Minero ruso sufre el robo de sus tarjetas por parte de un vecino

Tim Alper
| 1 min read

Un minero ruso fue robado de sus tarjetas de video por su vecino de al lado, quien según la policía se subió al balcón del hombre para robar su hardware.

Según la sucursal de Kursk de la Oficina del Ministerio del Interior y el medio de comunicación local Kurskie Izvestia, el apartamento pertenece a un residente de Kursk que se había mudado de la propiedad después de convertirla en una “granja” de criptominería.

Pero el minero adivinó que algo andaba mal cuando se dio cuenta de que el equipo había dejado de generar ingresos para él y ya no estaba extrayendo monedas.

Notificó a la policía, que inicialmente estaba desconcertada por el hecho de que no pudieron encontrar ningún rastro de un allanamiento o un robo en el apartamento. Finalmente, formularon la teoría de que los vecinos del minero estaban involucrados de alguna manera en el robo, y pronto se demostró que tenían razón.
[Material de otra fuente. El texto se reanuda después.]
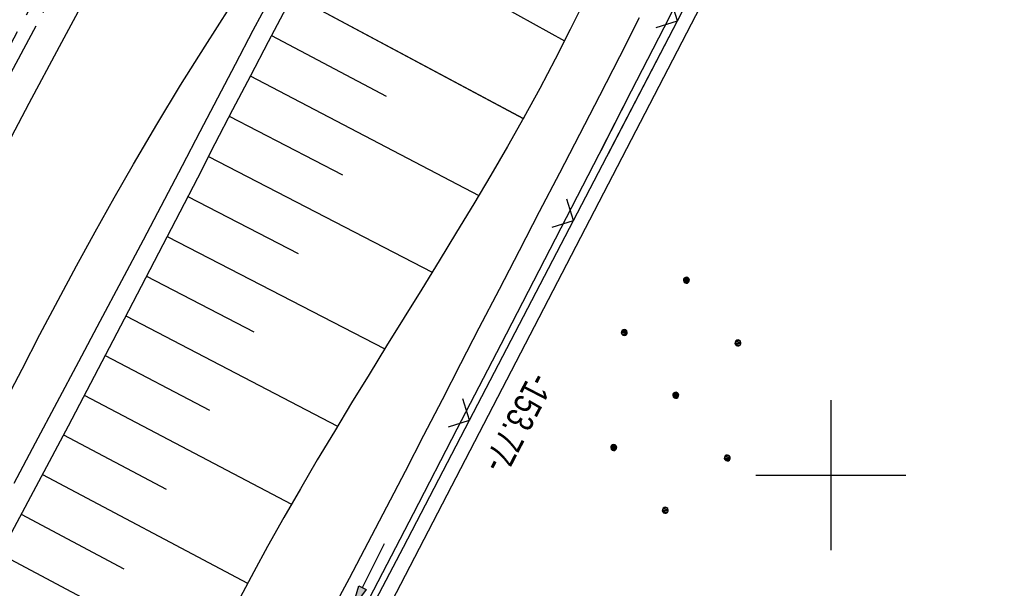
# Model space of a CAD drawing. Extents: x 507679 to 508174, y 445771 to 446563.
# Tile 39 of 43: x 508046 to 508112, y 446392 to 446430. Entities that reach past the tile are written whole.
import ezdxf

# ---------------------------------------------------------------- set-up
doc = ezdxf.new("R2010")
doc.units = 0
doc.header["$LTSCALE"] = 10
doc.header["$MEASUREMENT"] = 0
for name, pattern in [('ACHSE', [5.5, 4, -0.5, 0.5, -0.5]), ('AUSGEZOGEN', [0]), ('LT00', [0]), ('STRICHLINIE2', [0.375, 0.25, -0.125])]:
    doc.linetypes.add(name, pattern=pattern)
doc.layers.get('0').update_dxf_attribs({"linetype": 'LT00'})
for name, color, linetype in [('--EK_FBR', 250, 'LT00'), ('--EK_Haltung', 7, 'STRICHLINIE2'), ('--EL_DFK_AB_L', 21, 'LT00'), ('--EL_Haltung', 182, 'STRICHLINIE2'), ('-AX-093', 35, 'ACHSE'), ('ABSTAND', 8, 'LT00'), ('DFK_AB_L', 21, 'LT00'), ('DFK_NUTZUNG', 250, 'LT00'), ('PFEIL', 140, 'AUSGEZOGEN'), ('V127_BOESCH', 250, 'LT00'), ('V127_BOSCHUNG', 250, 'LT00'), ('V127_GRABEN', 250, 'LT00'), ('V127_ZAUN', 40, 'LT00'), ('V128_AFBR_BAB', 250, 'LT00'), ('V128_BOESCH', 250, 'LT00'), ('V128_BOSCHUNG', 250, 'LT00'), ('V128_GRABEN', 250, 'LT00'), ('V128_LD_MARK', 250, 'LT00'), ('V128_RASTER', 250, 'LT00'), ('V128_ZAUN', 40, 'LT00')]:
    doc.layers.add(name, color=color, linetype=linetype)
doc.styles.get("Standard").update_dxf_attribs({"font": 'ARIAL.TTF'})

# ---------------------------------------------------------------- blocks, each defined once
blk = doc.blocks.new('Ackerland7')
at = {"layer": 'DFK_NUTZUNG', "color": 0, "linetype": 'ByBlock'}
for p, q in [((-3.95, 3.628), (-3.95, 3.97)), ((-3.9, 3.99), (-3.9, 3.607)), ((-3.85, 3.601), (-3.85, 3.997)), ((-3.8, 3.99), (-3.8, 3.607)), ((-3.75, 3.628), (-3.75, 3.97)), ((3.75, 3.629), (3.75, 3.971)), ((3.8, 3.992), (3.8, 3.608)), ((3.85, 3.602), (3.85, 3.998)), ((3.9, 3.992), (3.9, 3.608)), ((3.95, 3.629), (3.95, 3.971)), ((-4, 3.928), (-4, 3.67)), ((-3.7, 3.928), (-3.7, 3.67)), ((-3.65, 3.798), (-3.65, 3.8)), ((3.7, 3.929), (3.7, 3.671)), ((4, 3.929), (4, 3.671)), ((4.05, 3.799), (4.05, 3.801)), ((-7.85, 0.129), (-7.85, -0.129)), ((-7.8, -0.171), (-7.8, 0.171)), ((-7.75, 0.192), (-7.75, -0.192)), ((-7.7, -0.198), (-7.7, 0.198)), ((-7.65, 0.192), (-7.65, -0.192)), ((-7.6, -0.171), (-7.6, 0.171)), ((-7.55, 0.129), (-7.55, -0.129)), ((-7.5, -0.001), (-7.5, 0.001)), ((-0.15, 0.129), (-0.15, -0.129)), ((-0.1, -0.171), (-0.1, 0.171)), ((-0.05, 0.192), (-0.05, -0.192)), ((0, -0.198), (0, 0.198)), ((0.05, 0.192), (0.05, -0.192)), ((0.1, -0.171), (0.1, 0.171)), ((0.15, 0.129), (0.15, -0.129)), ((0.2, -0.001), (0.2, 0.001)), ((7.55, 0.129), (7.55, -0.129)), ((7.6, -0.171), (7.6, 0.171)), ((7.65, 0.192), (7.65, -0.192)), ((7.7, -0.198), (7.7, 0.198)), ((7.75, 0.192), (7.75, -0.192)), ((7.8, -0.171), (7.8, 0.171)), ((7.85, 0.129), (7.85, -0.129)), ((7.9, -0.001), (7.9, 0.001)), ((-4, -3.671), (-4, -3.929)), ((-3.95, -3.971), (-3.95, -3.629)), ((-3.9, -3.608), (-3.9, -3.992)), ((-3.85, -3.998), (-3.85, -3.602)), ((-3.8, -3.608), (-3.8, -3.992)), ((-3.75, -3.971), (-3.75, -3.629)), ((-3.7, -3.671), (-3.7, -3.929)), ((-3.65, -3.801), (-3.65, -3.799)), ((3.7, -3.671), (3.7, -3.929)), ((3.75, -3.971), (3.75, -3.629)), ((3.8, -3.608), (3.8, -3.992)), ((3.85, -3.998), (3.85, -3.602)), ((3.9, -3.608), (3.9, -3.992)), ((3.95, -3.971), (3.95, -3.629)), ((4, -3.671), (4, -3.929)), ((4.05, -3.801), (4.05, -3.799))]:
    blk.add_line(p, q, dxfattribs=at)
for points in [[(-3.65, 3.799), (-3.67, 3.886), (-3.725, 3.955), (-3.805, 3.994), (-3.894, 3.994), (-3.975, 3.955), (-4.03, 3.886), (-4.05, 3.799), (-4.03, 3.712), (-3.975, 3.642), (-3.894, 3.604), (-3.805, 3.604), (-3.725, 3.642), (-3.67, 3.712), (-3.65, 3.799)], [(4.05, 3.8), (4.03, 3.887), (3.975, 3.956), (3.894, 3.995), (3.805, 3.995), (3.725, 3.956), (3.67, 3.887), (3.65, 3.8), (3.67, 3.713), (3.725, 3.644), (3.805, 3.605), (3.894, 3.605), (3.975, 3.644), (4.03, 3.713), (4.05, 3.8)], [(-7.5, 0), (-7.52, 0.087), (-7.575, 0.156), (-7.655, 0.195), (-7.744, 0.195), (-7.825, 0.156), (-7.88, 0.087), (-7.9, 0)], [(0.2, 0), (0.18, 0.087), (0.125, 0.156), (0.045, 0.195), (-0.044, 0.195), (-0.125, 0.156), (-0.18, 0.087), (-0.2, 0)], [(-0.2, 0), (-0.18, -0.087), (-0.125, -0.156), (-0.044, -0.195), (0.045, -0.195), (0.125, -0.156), (0.18, -0.087), (0.2, 0)], [(7.9, 0), (7.88, 0.087), (7.825, 0.156), (7.744, 0.195), (7.655, 0.195), (7.575, 0.156), (7.52, 0.087), (7.5, 0)], [(7.5, 0), (7.52, -0.087), (7.575, -0.156), (7.655, -0.195), (7.744, -0.195), (7.825, -0.156), (7.88, -0.087), (7.9, 0)], [(-7.9, 0), (-7.88, -0.087), (-7.825, -0.156), (-7.744, -0.195), (-7.655, -0.195), (-7.575, -0.156), (-7.52, -0.087), (-7.5, 0)], [(-3.65, -3.8), (-3.67, -3.713), (-3.725, -3.644), (-3.805, -3.605), (-3.894, -3.605), (-3.975, -3.644), (-4.03, -3.713), (-4.05, -3.8), (-4.03, -3.887), (-3.975, -3.956), (-3.894, -3.995), (-3.805, -3.995), (-3.725, -3.956), (-3.67, -3.887), (-3.65, -3.8)], [(4.05, -3.8), (4.03, -3.713), (3.975, -3.644), (3.894, -3.605), (3.805, -3.605), (3.725, -3.644), (3.67, -3.713), (3.65, -3.8), (3.67, -3.887), (3.725, -3.956), (3.805, -3.995), (3.894, -3.995), (3.975, -3.956), (4.03, -3.887), (4.05, -3.8)]]:
    blk.add_lwpolyline(points, dxfattribs=at)
blk = doc.blocks.new('SYMB0024')
at = {"color": 0, "linetype": 'ByBlock'}
for p, q in [((-0.5, 0.5), (0, 0)), ((0, 0), (0.5, 0.5))]:
    blk.add_line(p, q, dxfattribs=at)
blk = doc.blocks.new('Pfreil3')
at = {"layer": 'PFEIL'}
blk.add_hatch(color=256, dxfattribs=at).paths.add_polyline_path([(-1.549, 0.273), (-1.549, -0.273), (0, 0)])
for p, q in [((-1.549, 0), (-4.831, 0)), ((-1.549, -0.273), (-1.549, 0.273)), ((-1.549, 0.273), (0, 0)), ((0, 0), (-1.549, -0.273))]:
    blk.add_line(p, q, dxfattribs=at)

msp = doc.modelspace()

# ---------------------------------------------------------------- linework, layer by layer
at = {"layer": '--EK_FBR', "color": 2}
msp.add_lwpolyline([(508044.211, 446420.296), (508046.596, 446424.782), (508048.608, 446428.566), (508050.622, 446432.349), (508052.637, 446436.131), (508054.656, 446439.911), (508056.678, 446443.689), (508058.705, 446447.465), (508060.7, 446451.167), (508062.699, 446454.867), (508064.701, 446458.565), (508066.705, 446462.262), (508068.71, 446465.959), (508070.715, 446469.656), (508072.684, 446473.29), (508074.654, 446476.924), (508076.624, 446480.557), (508078.598, 446484.189), (508080.577, 446487.818), (508082.561, 446491.444), (508084.255, 446494.526), (508085.952, 446497.607), (508087.651, 446500.686), (508089.097, 446503.311)], dxfattribs=at)
at = {"layer": '--EK_FBR'}
msp.add_lwpolyline([(508045.582, 446399.453), (508047.017, 446402.158), (508048.455, 446404.86), (508049.894, 446407.563), (508051.332, 446410.266), (508052.767, 446412.97), (508054.199, 446415.676), (508055.625, 446418.386), (508056.804, 446420.638), (508057.98, 446422.892), (508059.156, 446425.145), (508060.334, 446427.397), (508061.517, 446429.647), (508062.708, 446431.892)], dxfattribs=at)
at = {"layer": '--EK_Haltung'}
msp.add_line((508059.995, 446455.981), (508041.801, 446422.126), dxfattribs=at)
at = {"layer": '--EL_DFK_AB_L'}
msp.add_line((508111.556, 446470.344), (508041.496, 446335.145), dxfattribs=at)
at = {"layer": '--EL_Haltung'}
msp.add_line((508059.995, 446455.981), (508041.801, 446422.126), dxfattribs=at)
at = {"layer": '-AX-093', "ltscale": 0.2}
msp.add_lwpolyline([(508087.151, 446503.921), (508082.615, 446495.629), (508076.509, 446484.444), (508070.415, 446473.252), (508064.335, 446462.052), (508058.271, 446450.843), (508052.227, 446439.624), (508046.204, 446428.394), (508040.204, 446417.151), (508034.231, 446405.894), (508028.287, 446394.622), (508022.373, 446383.333), (508016.493, 446372.027), (508010.649, 446360.702), (508004.844, 446349.358), (507999.079, 446337.993), (507993.358, 446326.606), (507987.682, 446315.196), (507982.055, 446303.762), (507976.479, 446292.303), (507970.956, 446280.818)], dxfattribs=at)
at = {"layer": 'DFK_AB_L'}
msp.add_line((508111.556, 446470.344), (508041.496, 446335.145), dxfattribs=at)
at = {"layer": 'V127_BOESCH'}
msp.add_lwpolyline([(508083.612, 446431.673), (508082.643, 446429.691), (508081.639, 446427.725), (508080.603, 446425.774), (508079.538, 446423.836), (508079.504, 446423.775)], dxfattribs=at)
at = {"layer": 'V127_BOSCHUNG'}
for p, q in [((508067.096, 446437.384), (508082.261, 446428.934)), ((508064.154, 446431.987), (508079.477, 446423.787))]:
    msp.add_line(p, q, dxfattribs=at)
at = {"layer": 'V127_GRABEN'}
for points in [[(508084.69, 446421.643), (508086.728, 446425.613), (508088.891, 446429.841), (508091.048, 446434.072)], [(508087.221, 446430.467), (508085.909, 446427.872), (508084.586, 446425.284), (508083.254, 446422.699), (508083.055, 446422.315)]]:
    msp.add_lwpolyline(points, dxfattribs=at)
at = {"layer": 'V127_ZAUN'}
for p, q in [((508089.776, 446430.283), (508096.695, 446443.591)), ((508085.179, 446421.442), (508089.776, 446430.283))]:
    msp.add_line(p, q, dxfattribs=at)
at = {"layer": 'V128_AFBR_BAB', "color": 0}
msp.add_lwpolyline([(508044.211, 446420.296), (508046.596, 446424.782), (508048.608, 446428.566), (508050.622, 446432.349), (508052.637, 446436.131), (508054.656, 446439.911), (508056.678, 446443.689), (508058.705, 446447.465), (508060.7, 446451.167), (508062.699, 446454.867), (508064.701, 446458.565), (508066.705, 446462.262), (508068.71, 446465.959), (508070.715, 446469.656), (508072.684, 446473.29), (508074.654, 446476.924), (508076.624, 446480.557), (508078.598, 446484.189), (508080.577, 446487.818), (508082.561, 446491.444), (508084.255, 446494.526), (508085.952, 446497.607), (508087.651, 446500.686), (508089.097, 446503.311)], dxfattribs=at)
at = {"layer": 'V128_AFBR_BAB'}
msp.add_lwpolyline([(508045.582, 446399.453), (508047.017, 446402.158), (508048.455, 446404.86), (508049.894, 446407.563), (508051.332, 446410.266), (508052.767, 446412.97), (508054.199, 446415.676), (508055.625, 446418.386), (508056.804, 446420.638), (508057.98, 446422.892), (508059.156, 446425.145), (508060.334, 446427.397), (508061.517, 446429.647), (508062.708, 446431.892)], dxfattribs=at)
at = {"layer": 'V128_BOESCH'}
for points in [[(508083.612, 446431.673), (508082.643, 446429.691), (508081.639, 446427.725), (508080.603, 446425.774), (508079.538, 446423.836), (508078.448, 446421.909), (508077.337, 446419.992), (508076.208, 446418.083), (508075.063, 446416.181), (508073.908, 446414.283), (508072.744, 446412.389), (508071.575, 446410.497), (508070.406, 446408.605), (508069.238, 446406.712), (508068.076, 446404.815), (508066.923, 446402.915), (508065.783, 446401.007), (508064.658, 446399.093), (508063.553, 446397.168), (508062.47, 446395.233), (508061.55, 446393.544), (508060.646, 446391.847)], [(508063.71, 446431.153), (508062.513, 446428.889), (508061.326, 446426.621), (508060.145, 446424.348), (508058.969, 446422.073), (508057.795, 446419.797), (508056.621, 446417.521), (508052.916, 446410.387), (508049.181, 446403.269), (508045.417, 446396.166)]]:
    msp.add_lwpolyline(points, dxfattribs=at)
at = {"layer": 'V128_BOSCHUNG'}
for p, q in [((508067.096, 446437.384), (508082.261, 446428.935)), ((508064.154, 446431.987), (508079.503, 446423.773)), ((508062.73, 446429.301), (508070.385, 446425.25)), ((508061.319, 446426.608), (508076.541, 446418.642)), ((508059.925, 446423.922), (508067.466, 446420.005)), ((508058.542, 446421.244), (508073.447, 446413.532)), ((508057.167, 446418.578), (508064.518, 446414.775)), ((508055.789, 446415.913), (508070.286, 446408.412)), ((508054.414, 446413.262), (508061.558, 446409.551)), ((508053.034, 446410.613), (508067.132, 446403.26)), ((508051.65, 446407.967), (508058.616, 446404.318)), ((508050.262, 446405.322), (508064.064, 446398.064)), ((508048.87, 446402.679), (508055.727, 446399.059)), ((508047.474, 446400.039), (508061.146, 446392.789)), ((508046.067, 446397.389), (508052.909, 446393.762)), ((508044.664, 446394.753), (508058.369, 446387.456))]:
    msp.add_line(p, q, dxfattribs=at)
at = {"layer": 'V128_GRABEN'}
for points in [[(508069.268, 446391.797), (508072.194, 446397.437), (508075.115, 446403.08), (508078.032, 446408.724), (508080.211, 446412.944), (508082.387, 446417.165), (508084.559, 446421.388), (508086.728, 446425.613), (508088.891, 446429.841), (508091.048, 446434.072)], [(508087.221, 446430.467), (508085.909, 446427.872), (508084.586, 446425.284), (508083.254, 446422.699), (508081.917, 446420.117), (508080.575, 446417.537), (508079.233, 446414.958), (508077.892, 446412.378), (508076.555, 446409.796), (508075.325, 446407.409), (508074.097, 446405.022), (508072.869, 446402.634), (508071.638, 446400.248), (508070.402, 446397.864), (508069.158, 446395.485), (508067.903, 446393.112), (508066.635, 446390.744)]]:
    msp.add_lwpolyline(points, dxfattribs=at)
at = {"layer": 'V128_LD_MARK'}
msp.add_lwpolyline([(508044.928, 446404.765), (508046.115, 446407.068), (508047.312, 446409.366), (508048.521, 446411.657), (508049.745, 446413.939), (508050.987, 446416.212), (508052.25, 446418.472), (508053.536, 446420.72), (508055.092, 446423.363), (508056.683, 446425.985), (508058.307, 446428.588), (508059.962, 446431.171)], dxfattribs=at)
at = {"layer": 'V128_RASTER'}
for p, q in [((508099.997, 446405), (508099.997, 446395)), ((508094.998, 446400), (508104.998, 446400))]:
    msp.add_line(p, q, dxfattribs=at)
at = {"layer": 'V128_ZAUN'}
for p, q in [((508089.776, 446430.283), (508096.695, 446443.591)), ((508082.856, 446416.974), (508089.776, 446430.283)), ((508075.937, 446403.666), (508082.856, 446416.974))]:
    msp.add_line(p, q, dxfattribs=at)
msp.add_lwpolyline([(508068.991, 446390.371), (508071.538, 446395.205), (508075.937, 446403.666)], dxfattribs=at)

# ---------------------------------------------------------------- block references
at = {"layer": 'DFK_NUTZUNG', "rotation": 264.7376999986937}
msp.add_blockref('Ackerland7', (508089.67, 446405.322), dxfattribs=at)
at = {"layer": 'PFEIL', "rotation": 243.4227568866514}
msp.add_blockref('Pfreil3', (508068.109, 446391.118), dxfattribs=at)
at = {"layer": 'V127_ZAUN', "xscale": 2.1, "yscale": 2.1, "zscale": 2.1, "rotation": 62.52922}
msp.add_blockref('SYMB0024', (508089.776, 446430.283), dxfattribs=at)
at = {"layer": 'V128_ZAUN', "xscale": 2.099999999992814, "yscale": 2.099999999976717, "zscale": 2.1, "rotation": 62.52853000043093}
for p in [(508089.776, 446430.283), (508082.856, 446416.974), (508075.937, 446403.666)]:
    msp.add_blockref('SYMB0024', p, dxfattribs=at)

# ---------------------------------------------------------------- texts
at = {"layer": 'ABSTAND', "width": 0.75}
msp.add_text(' -153.77-', height=1.8, rotation=-117.3923, dxfattribs=at).set_placement((508080.243, 446407.444))

doc.saveas('drawing.dxf')

Su investigación los llevó a descubrir que un residente del apartamento vecino había deducido que un minero vivía en la puerta de al lado, debido al sonido del “zumbido” mecánico de las unidades de procesamiento de gráficos y las plataformas de minería.

El vecino también notó que el propietario casi siempre estaba ausente de la propiedad, regresando solo brevemente de vez en cuando para verificar el estado de sus plataformas.

El vecino luego tramó un plan, dijo la policía, que también involucraba a su novia y un amigo, para colarse en la casa trepando por el balcón contiguo. Los intrusos, dijo la policía, procedieron a retirar y escapar con 30 tarjetas de video, que fueron encontradas escondidas en el auto del vecino.

Las tarjetas valían más de US$54.000 según los precios actuales del mercado, explicó el medio.

La policía afirmó que los tres fueron interrogados y que todos los miembros del “grupo criminal confesaron” el crimen y se aseguraron de que se devolviera a salvo la tarjeta de video.

El trío ahora tendrá sus casos en los tribunales y podría enfrentar una pena de cárcel de hasta siete años por allanamiento de morada, así como por robo.